Miguel Benasayag

«Se la pandemia ci ha resi fragili, la relazione ci renderà forti»

di Marco Dotti

Bisogna agire nella complessità, stabilendo nuovi nessi e nuove forme di relazione e di resistenza al nostro tempo. Ne è convinto lo psicoanalista argentino che, in questa intervista, ci racconta come siamo davanti non solo a una «torsione biopolitica del potere», ma anche a una «forma inedita di psicopandemia»

Siamo soli. Insieme, ma soli. La pandemia ha accelerato una tendenza già in atto e c'è chi, oggi, parla non a caso di una psico-pandemia. Psicoanalista e filosofo argentino, Miguel Benasayag vive a Parigi da anni.
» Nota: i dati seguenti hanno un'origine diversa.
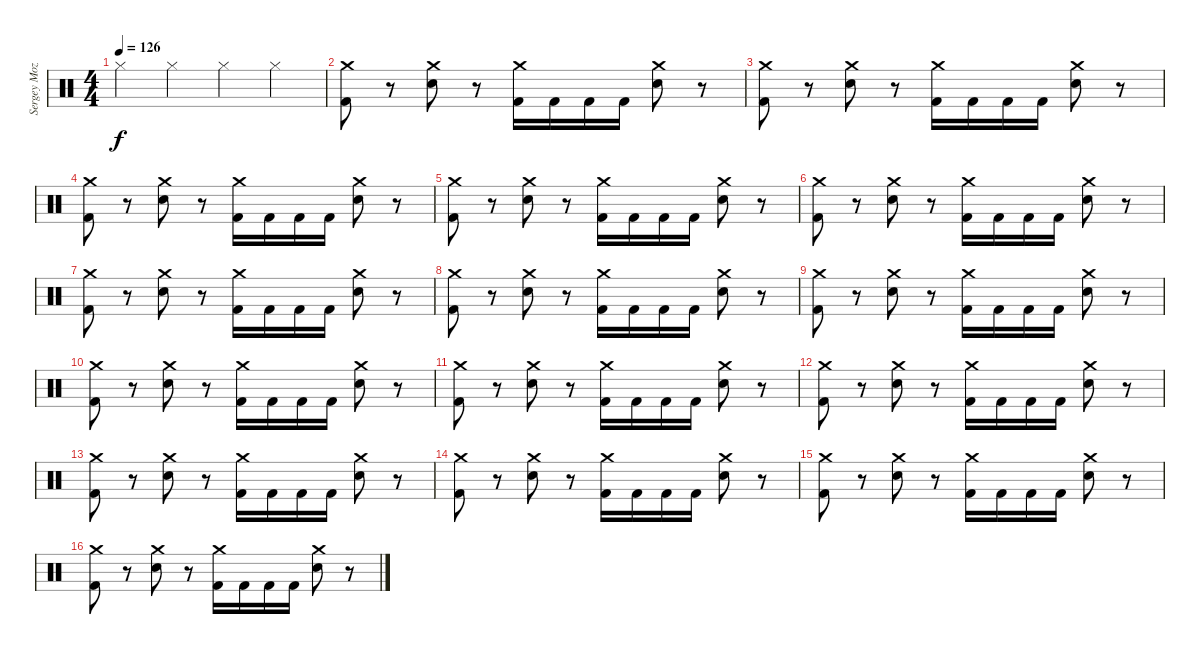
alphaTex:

\track ("Sergey Mozalev" "Sergey Moz") {instrument percussion}
\staff {score}
\articulation defaults
\ts (4 4)
\tempo 126
\clef neutral
\ks c "Hi-Hat (closed)".4{dy f} "Hi-Hat (closed)".4 "Hi-Hat (closed)".4 "Hi-Hat (closed)".4
|
("Crash medium (hit)" "Kick (hit) 2").8 r.8 ("Crash medium (hit)" "Electric Snare (hit)").8 r.8 ("Crash medium (hit)" "Kick (hit) 2").16 "Kick (hit) 2".16 "Kick (hit) 2".16 "Kick (hit) 2".16 ("Crash medium (hit)" "Electric Snare (hit)").8 r.8 |
("Crash medium (hit)" "Kick (hit) 2").8 r.8 ("Crash medium (hit)" "Electric Snare (hit)").8 r.8 ("Crash medium (hit)" "Kick (hit) 2").16 "Kick (hit) 2".16 "Kick (hit) 2".16 "Kick (hit) 2".16 ("Crash medium (hit)" "Electric Snare (hit)").8 r.8 |
("Crash medium (hit)" "Kick (hit) 2").8 r.8 ("Crash medium (hit)" "Electric Snare (hit)").8 r.8 ("Crash medium (hit)" "Kick (hit) 2").16 "Kick (hit) 2".16 "Kick (hit) 2".16 "Kick (hit) 2".16 ("Crash medium (hit)" "Electric Snare (hit)").8 r.8 |
("Crash medium (hit)" "Kick (hit) 2").8 r.8 ("Crash medium (hit)" "Electric Snare (hit)").8 r.8 ("Crash medium (hit)" "Kick (hit) 2").16 "Kick (hit) 2".16 "Kick (hit) 2".16 "Kick (hit) 2".16 ("Crash medium (hit)" "Electric Snare (hit)").8 r.8 |
("Crash medium (hit)" "Kick (hit) 2").8 r.8 ("Crash medium (hit)" "Electric Snare (hit)").8 r.8 ("Crash medium (hit)" "Kick (hit) 2").16 "Kick (hit) 2".16 "Kick (hit) 2".16 "Kick (hit) 2".16 ("Crash medium (hit)" "Electric Snare (hit)").8 r.8 |
("Crash medium (hit)" "Kick (hit) 2").8 r.8 ("Crash medium (hit)" "Electric Snare (hit)").8 r.8 ("Crash medium (hit)" "Kick (hit) 2").16 "Kick (hit) 2".16 "Kick (hit) 2".16 "Kick (hit) 2".16 ("Crash medium (hit)" "Electric Snare (hit)").8 r.8 |
("Crash medium (hit)" "Kick (hit) 2").8 r.8 ("Crash medium (hit)" "Electric Snare (hit)").8 r.8 ("Crash medium (hit)" "Kick (hit) 2").16 "Kick (hit) 2".16 "Kick (hit) 2".16 "Kick (hit) 2".16 ("Crash medium (hit)" "Electric Snare (hit)").8 r.8 |
("Crash medium (hit)" "Kick (hit) 2").8 r.8 ("Crash medium (hit)" "Electric Snare (hit)").8 r.8 ("Crash medium (hit)" "Kick (hit) 2").16 "Kick (hit) 2".16 "Kick (hit) 2".16 "Kick (hit) 2".16 ("Crash medium (hit)" "Electric Snare (hit)").8 r.8 |
("Crash medium (hit)" "Kick (hit) 2").8 r.8 ("Crash medium (hit)" "Electric Snare (hit)").8 r.8 ("Crash medium (hit)" "Kick (hit) 2").16 "Kick (hit) 2".16 "Kick (hit) 2".16 "Kick (hit) 2".16 ("Crash medium (hit)" "Electric Snare (hit)").8 r.8 |
("Crash medium (hit)" "Kick (hit) 2").8 r.8 ("Crash medium (hit)" "Electric Snare (hit)").8 r.8 ("Crash medium (hit)" "Kick (hit) 2").16 "Kick (hit) 2".16 "Kick (hit) 2".16 "Kick (hit) 2".16 ("Crash medium (hit)" "Electric Snare (hit)").8 r.8 |
("Crash medium (hit)" "Kick (hit) 2").8 r.8 ("Crash medium (hit)" "Electric Snare (hit)").8 r.8 ("Crash medium (hit)" "Kick (hit) 2").16 "Kick (hit) 2".16 "Kick (hit) 2".16 "Kick (hit) 2".16 ("Crash medium (hit)" "Electric Snare (hit)").8 r.8 |
("Crash medium (hit)" "Kick (hit) 2").8 r.8 ("Crash medium (hit)" "Electric Snare (hit)").8 r.8 ("Crash medium (hit)" "Kick (hit) 2").16 "Kick (hit) 2".16 "Kick (hit) 2".16 "Kick (hit) 2".16 ("Crash medium (hit)" "Electric Snare (hit)").8 r.8 |
("Crash medium (hit)" "Kick (hit) 2").8 r.8 ("Crash medium (hit)" "Electric Snare (hit)").8 r.8 ("Crash medium (hit)" "Kick (hit) 2").16 "Kick (hit) 2".16 "Kick (hit) 2".16 "Kick (hit) 2".16 ("Crash medium (hit)" "Electric Snare (hit)").8 r.8 |
("Crash medium (hit)" "Kick (hit) 2").8 r.8 ("Crash medium (hit)" "Electric Snare (hit)").8 r.8 ("Crash medium (hit)" "Kick (hit) 2").16 "Kick (hit) 2".16 "Kick (hit) 2".16 "Kick (hit) 2".16 ("Crash medium (hit)" "Electric Snare (hit)").8 r.8 |
("Crash medium (hit)" "Kick (hit) 2").8 r.8 ("Crash medium (hit)" "Electric Snare (hit)").8 r.8 ("Crash medium (hit)" "Kick (hit) 2").16 "Kick (hit) 2".16 "Kick (hit) 2".16 "Kick (hit) 2".16 ("Crash medium (hit)" "Electric Snare (hit)").8 r.8

Vivevamo in un immaginario improntato a un'idea di individuo autonomo, autocentrato e di colpo… ci siamo trovati davanti la complessità

Miguel Benasayag

Benasayag è tra i fondatori del collettivo Malgré tout, e lavora da tempo sulla crisi della società della performace e sul rapporto tra identità e conflitto. Un rapporto che la pandemia ha in parte esacerbato, in parte occultato. Tra i suoi ultimi libri, Funzionare o esistere? e La tirannia dell'algoritmo editi da Vita e Pensiero nel 2019 e nel 2020, oltre alle Cinque lezioni di complessità, scritte con con Teodoro Cohen e recentemente apparse a cura della Fondazione Giangiacomo Feltrinelli di Milano.

Funzionare o esistere?

«Liberi tutti!». Sembrava facile, ma oggi assistiamo a una situazione tutt'altro che facile. Gli effetti sociali del Covid-19 hanno reso ostili le relazioni, anestetizzato il conflitto e, dopo un momento di iniziale e acritica adesione al lavoro da remoto, mostrato come anche le prestazioni richieste siano sempre più elevate rispetto a standard fisici e psichici messi a dura prova dalla pandemia…
Torniamo alla dicotomia tra funzionare ed esistere. Vogliamo esistere o vogliamo, semplicemente, funzionare? Ovviamente queste due parole le usiamo per comprendere il bivio in cui ci siamo cacciati, ma nel concreto la vita non ci pone mai davanti a scelte semplici. Anche quella tra funzionare e esistere non lo è, proprio perché mentre "funzioniamo"… esistiamo. E viceversa. Nel comprendere la differenza tra funzionare e esistere si tratta, soprattutto, di cogliere una matrice della post-modernità. È la post-modernità, infatti, a distinguere il funzionare dall'esistere, al fine di valorizzare il mero funzionare.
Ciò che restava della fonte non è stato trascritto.